Xieng Khuang enjoyed better protection from its neighbours with the arrival of the French, who considered the province’s temperate climate – which can be downright cold by any measure for several months of the year – suitable for European settlement and plantation agriculture. The primary cash crop, however, was opium, a trade the French quickly moved to control. Muang Khoun was chosen as the French provincial capital and the devastated former royal seat of the defunct kingdom was transformed into an architectural gem of French Indochinese villas and shophouses, which might have rivalled the charm of Luang Prabang and Savannakhet had Xieng Khuang not returned to its familiar role as battleground a few decades later.

One hundred years after the carnage of the Chinese bandits, American planes wreaked destruction that was equally indiscriminate, levelling towns and forcing villagers to take to the forest, as the two sides in the Second Indochina War waged a bitter battle for control of the Plain of Jars, which represented a back door to northern Vietnam. Throughout much of the 1960s, Xieng Khuang was the site of a seesaw war, with the Royalist side led by Hmong General Vang Pao gaining the upper hand in the rainy season and the communist side launching offensives in the dry months.

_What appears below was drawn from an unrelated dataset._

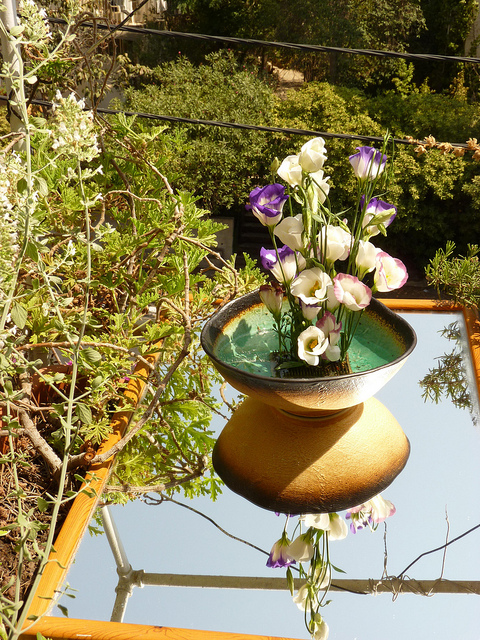<image>What kind of flowers are these? I don't know what kind of flowers these are. They could be tulips, lilies, iris or roses. What kind of flowers are these? I don't know what kind of flowers are these. They can be tulip, iris, lilies or rose. 
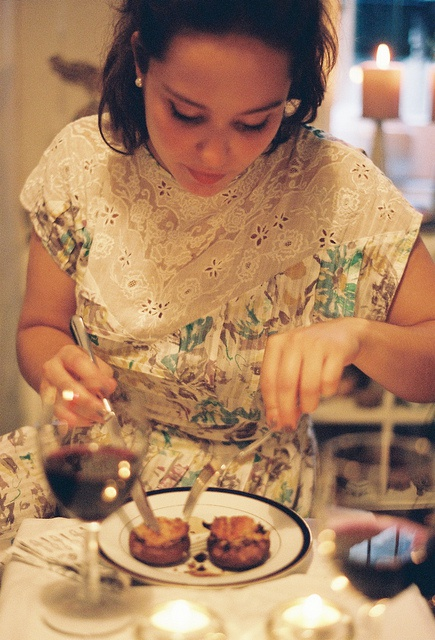Describe the objects in this image and their specific colors. I can see people in gray, brown, tan, and black tones, wine glass in gray, brown, tan, and black tones, wine glass in gray, brown, and black tones, dining table in gray and tan tones, and donut in gray, brown, maroon, salmon, and black tones in this image.

Today, villages have been rebuilt and fields replanted. Many of the valley-dwelling, wet-rice farmers, as well as a majority of the townsfolk in Phonsavan, are descendants of the Phuan kingdom. In addition to the Lao, the Phuan are joined by a third lowland group, the Black Tai, and also the Khmu – a Lao Theung group who ruled the lowlands until they were forced into the hills with the arrival of the Tai groups over a thousand years ago – and a significant population of Hmong, who arrived in Laos from China in the nineteenth century and now make up roughly a third of the provincial population.

The Plain of Jars

Many visitors mistake the Jar sites for the PLAIN OF JARS and vice versa. The latter is a broad rolling plain covering an area roughly 15km across at the centre of the Xieng Khuang Plateau, which sits high above the Mekong and the Vientiane Plain. The ancient Jar sites scattered around the perimeter of the plain led the French to name the region the Plain de Jars – the PDJ to the American pilots who flew over it. Topographically, the plain is something like the hole in a doughnut with concentric rings of increasingly high mountain peaks around it. Although the jars are the main tourist attraction of Xieng Khuang Province, there’s much more to see here. The Plain itself offers beautiful scenery, which most visitors, obsessed with seeing the jars, completely overlook. Away from the main highway there are countless backroads to explore as well as friendly Phuan and Hmong villages, where it may feel like you’re the first foreigner the children have seen.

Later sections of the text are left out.